Microchip Technology MCP6494T-E/SL Operational Amplifier

The MCP6494T-E/SL is a high-precision operational amplifier (op-amp) from Microchip Technology, designed to offer a blend of performance and power efficiency that is suitable for a wide range of applications. This op-amp is part of the MCP649x family, which is known for its low-power consumption and rail-to-rail input/output operation.
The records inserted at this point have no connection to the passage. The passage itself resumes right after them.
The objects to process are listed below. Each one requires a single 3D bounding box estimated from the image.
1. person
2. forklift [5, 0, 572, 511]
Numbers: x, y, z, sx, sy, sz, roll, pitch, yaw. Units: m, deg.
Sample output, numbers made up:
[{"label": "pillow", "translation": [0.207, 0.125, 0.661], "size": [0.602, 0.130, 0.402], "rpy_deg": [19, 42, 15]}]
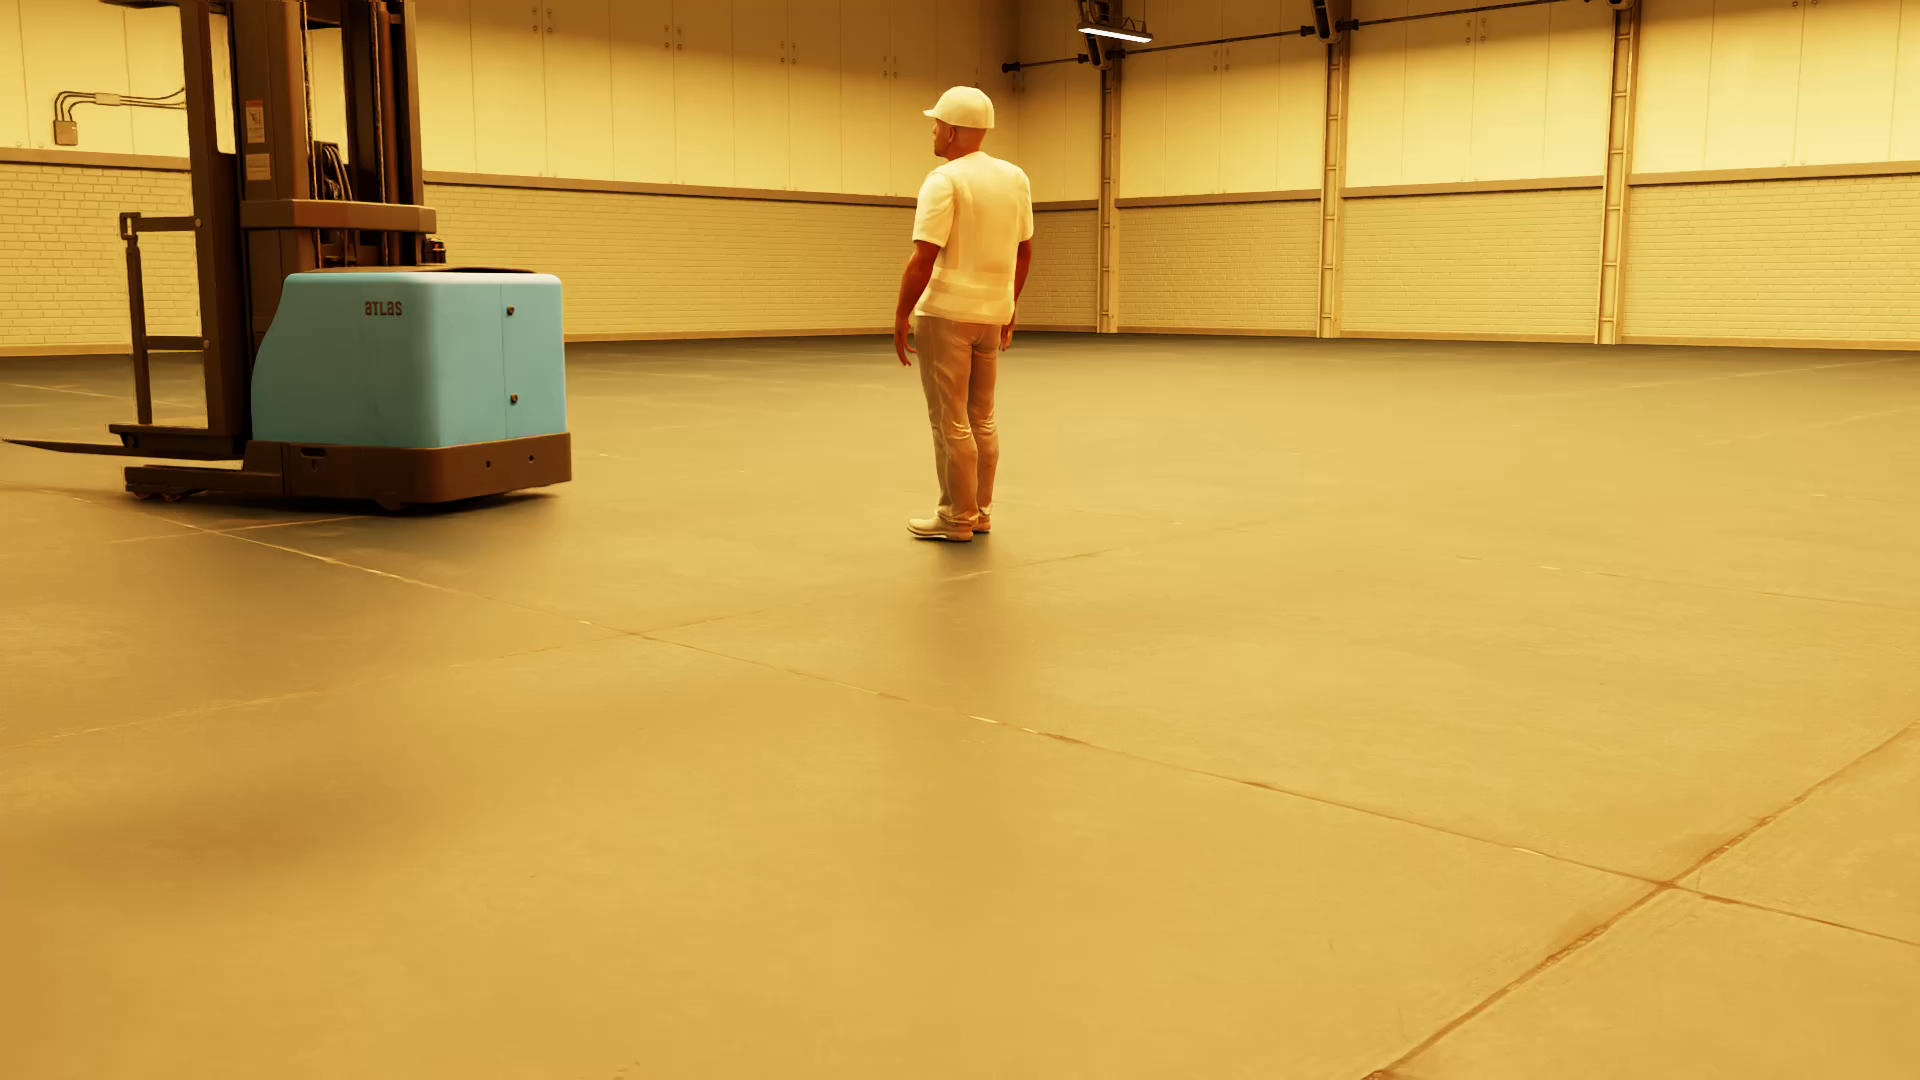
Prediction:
[{"label": "person", "translation": [-0.047, -0.888, 6.637], "size": [0.575, 1.768, 0.666], "rpy_deg": [8, 12, 43]}, {"label": "forklift", "translation": [-3.467, -1.700, 8.161], "size": [3.031, 2.935, 1.130], "rpy_deg": [4, 9, 24]}]

With a quiescent current of just 450 µA, the MCP6494T-E/SL is an excellent choice for battery-powered devices and other energy-sensitive applications. The device operates over a single supply voltage range of 1.8V to 5.5V, which gives designers the flexibility to use it in low-voltage systems and also makes it compatible with most common logic levels.

The MCP6494T-E/SL features a Gain Bandwidth Product (GBWP) of 2 MHz, which provides a good balance between speed and power consumption. This characteristic makes it suitable for filtering, sensor interfacing, and data acquisition systems. Its rail-to-rail input and output capability allow for maximum signal swing, which is particularly useful in low-voltage applications where maximizing the dynamic range is critical.

Another notable feature of this op-amp is its extended temperature range, operating reliably from -40°C to +125°C. This makes the MCP6494T-E/SL an ideal choice for industrial, automotive, and other harsh-environment applications where temperature extremes are common.

The MCP6494T-E/SL comes in a 14-pin SOIC package, which is widely used and favored for its small size and ease of integration into various circuit designs. The device also includes built-in features such as over-temperature and short-circuit protection, enhancing its reliability and robustness in diverse operating conditions.

In summary, the MCP6494T-E/SL from Microchip Technology is a versatile and efficient operational amplifier that offers the perfect balance of low power consumption, wide bandwidth, and robust performance, making it an excellent choice for designers looking to optimize their analog circuitry in both power-sensitive and demanding environments.